[Stored data]
________

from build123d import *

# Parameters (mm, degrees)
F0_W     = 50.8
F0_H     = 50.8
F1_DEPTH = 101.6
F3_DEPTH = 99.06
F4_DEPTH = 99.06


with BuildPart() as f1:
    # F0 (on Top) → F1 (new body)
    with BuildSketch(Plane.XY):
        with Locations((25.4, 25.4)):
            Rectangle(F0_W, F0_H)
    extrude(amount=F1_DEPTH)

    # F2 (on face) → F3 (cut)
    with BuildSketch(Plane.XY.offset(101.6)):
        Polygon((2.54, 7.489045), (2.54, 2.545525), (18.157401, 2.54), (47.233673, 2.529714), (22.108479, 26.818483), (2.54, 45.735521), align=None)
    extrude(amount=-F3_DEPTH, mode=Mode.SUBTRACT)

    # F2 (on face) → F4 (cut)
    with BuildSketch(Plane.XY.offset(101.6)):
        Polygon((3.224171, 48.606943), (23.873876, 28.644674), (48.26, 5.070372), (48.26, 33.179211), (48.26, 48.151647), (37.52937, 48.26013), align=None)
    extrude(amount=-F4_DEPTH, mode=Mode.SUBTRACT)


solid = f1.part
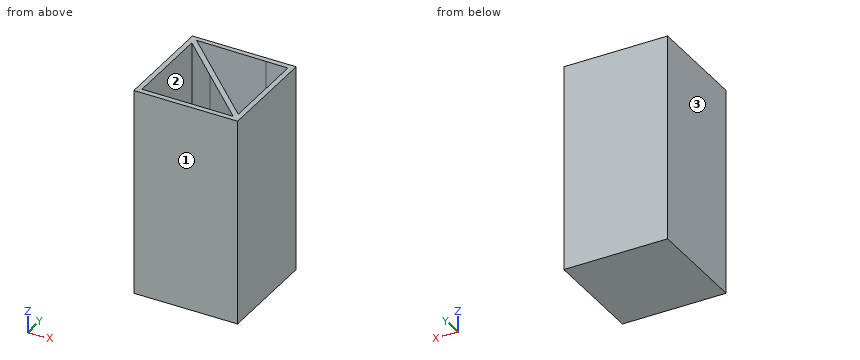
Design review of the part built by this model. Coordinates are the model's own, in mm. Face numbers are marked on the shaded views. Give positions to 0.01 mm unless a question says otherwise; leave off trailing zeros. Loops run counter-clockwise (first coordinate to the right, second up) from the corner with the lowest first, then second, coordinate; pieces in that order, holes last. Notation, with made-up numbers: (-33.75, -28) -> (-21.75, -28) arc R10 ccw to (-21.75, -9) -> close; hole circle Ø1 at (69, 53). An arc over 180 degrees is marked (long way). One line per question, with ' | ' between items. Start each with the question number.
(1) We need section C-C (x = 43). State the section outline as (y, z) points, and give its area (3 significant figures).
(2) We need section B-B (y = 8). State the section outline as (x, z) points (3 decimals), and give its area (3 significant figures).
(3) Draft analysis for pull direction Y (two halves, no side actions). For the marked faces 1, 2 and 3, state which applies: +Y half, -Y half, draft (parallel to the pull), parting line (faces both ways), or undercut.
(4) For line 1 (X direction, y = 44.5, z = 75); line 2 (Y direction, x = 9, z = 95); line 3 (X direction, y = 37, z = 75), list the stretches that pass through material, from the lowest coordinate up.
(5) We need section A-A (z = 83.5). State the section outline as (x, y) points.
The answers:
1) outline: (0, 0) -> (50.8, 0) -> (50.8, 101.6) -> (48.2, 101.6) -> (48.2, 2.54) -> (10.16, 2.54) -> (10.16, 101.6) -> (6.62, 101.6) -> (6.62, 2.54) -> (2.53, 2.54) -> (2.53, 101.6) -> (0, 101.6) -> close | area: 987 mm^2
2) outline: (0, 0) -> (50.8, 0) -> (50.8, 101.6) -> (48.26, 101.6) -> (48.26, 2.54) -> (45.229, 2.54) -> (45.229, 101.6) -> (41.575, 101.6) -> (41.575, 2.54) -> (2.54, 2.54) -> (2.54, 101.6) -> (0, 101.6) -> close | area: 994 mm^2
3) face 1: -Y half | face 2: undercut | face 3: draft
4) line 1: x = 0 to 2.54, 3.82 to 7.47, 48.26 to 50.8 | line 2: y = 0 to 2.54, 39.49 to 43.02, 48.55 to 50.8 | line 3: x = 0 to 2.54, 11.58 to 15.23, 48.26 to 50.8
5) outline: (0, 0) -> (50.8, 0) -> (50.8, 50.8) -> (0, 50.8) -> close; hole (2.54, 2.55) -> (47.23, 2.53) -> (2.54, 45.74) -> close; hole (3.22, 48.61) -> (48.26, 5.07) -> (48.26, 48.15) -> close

________

WHAT YOU SHOULD DO:
Transcribe exactly the lines from the one containing "(2) We need" through the end of the records, both included, and nothing else.

THE COMPLETED TASK:
(2) We need section B-B (y = 8). State the section outline as (x, z) points (3 decimals), and give its area (3 significant figures).
(3) Draft analysis for pull direction Y (two halves, no side actions). For the marked faces 1, 2 and 3, state which applies: +Y half, -Y half, draft (parallel to the pull), parting line (faces both ways), or undercut.
(4) For line 1 (X direction, y = 44.5, z = 75); line 2 (Y direction, x = 9, z = 95); line 3 (X direction, y = 37, z = 75), list the stretches that pass through material, from the lowest coordinate up.
(5) We need section A-A (z = 83.5). State the section outline as (x, y) points.
The answers:
1) outline: (0, 0) -> (50.8, 0) -> (50.8, 101.6) -> (48.2, 101.6) -> (48.2, 2.54) -> (10.16, 2.54) -> (10.16, 101.6) -> (6.62, 101.6) -> (6.62, 2.54) -> (2.53, 2.54) -> (2.53, 101.6) -> (0, 101.6) -> close | area: 987 mm^2
2) outline: (0, 0) -> (50.8, 0) -> (50.8, 101.6) -> (48.26, 101.6) -> (48.26, 2.54) -> (45.229, 2.54) -> (45.229, 101.6) -> (41.575, 101.6) -> (41.575, 2.54) -> (2.54, 2.54) -> (2.54, 101.6) -> (0, 101.6) -> close | area: 994 mm^2
3) face 1: -Y half | face 2: undercut | face 3: draft
4) line 1: x = 0 to 2.54, 3.82 to 7.47, 48.26 to 50.8 | line 2: y = 0 to 2.54, 39.49 to 43.02, 48.55 to 50.8 | line 3: x = 0 to 2.54, 11.58 to 15.23, 48.26 to 50.8
5) outline: (0, 0) -> (50.8, 0) -> (50.8, 50.8) -> (0, 50.8) -> close; hole (2.54, 2.55) -> (47.23, 2.53) -> (2.54, 45.74) -> close; hole (3.22, 48.61) -> (48.26, 5.07) -> (48.26, 48.15) -> close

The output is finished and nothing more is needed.